Still today, the Linux distro which is seen as the most user-friendly:
https://www.reddit.com/r/linuxmasterrace/comments/30c7ig/nvidia_drivers_not_working_with_linux_mint/
http://unix.stackexchange.com/questions/153040/amd-drivers-make-linux-mint-17-cinnamon-crash
https://nautilusmode.com/2015/08/09/how-to-install-krita-on-linux-mint-17-2/
http://www.webupd8.org/2015/11/install-gimp-2816-in-ubuntu-or-linux.html

Dataloss on the most stable Linux Distro:
https://access.redhat.com/solutions/369383
https://bugzilla.kernel.org/show_bug.cgi?id=29162

And this are just some quick googling results. You can find much better 
ones.

All the solutions proposed use the command line. I used Linux for more 
than 10 years. Not a single year I could get all my apps and drivers in 
their latest version without googling, posting on forum and using the 
command line. Not speaking about the fun due to conflicts in the 
libraries when you add to many repos, breaking other pass, etc.
You can of course still believe that the 8% of Blender user under Linux 
is due to people using the version 2.69 of Blender that is in their repo 
or that all graphic artists on Linux have the time and skills to 
compile  Blender themselves.

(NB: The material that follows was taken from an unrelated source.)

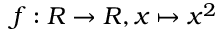<formula> <loc_0><loc_0><loc_500><loc_500>f \colon R \rightarrow R , x \mapsto x ^ { 2 }</formula>

On Windows, you download, double click the 
installer or just unpack the archive and it just works.
Note that I would be happy to see Linux as a serious alternative, but 
it's still reserved to a small passionate community due to the final 
polish not being done. 95% is there, but time is spend compiling the 
same program 100x times for the 100s of distros and making 10 
alternative of a video/music player/text editor/whatever, helping to 
post command line solutions on 20 different forums instead of fixing 
upstream once and for all. Creating new file systems with hash 
collisions leading to security risk and data loss (BtrFS). In 2015 not 
supporting NTFS completly (https://wimlib.net/forums/viewtopic.php?t=4).
And most people on earth can't afford a new PC every 10 years.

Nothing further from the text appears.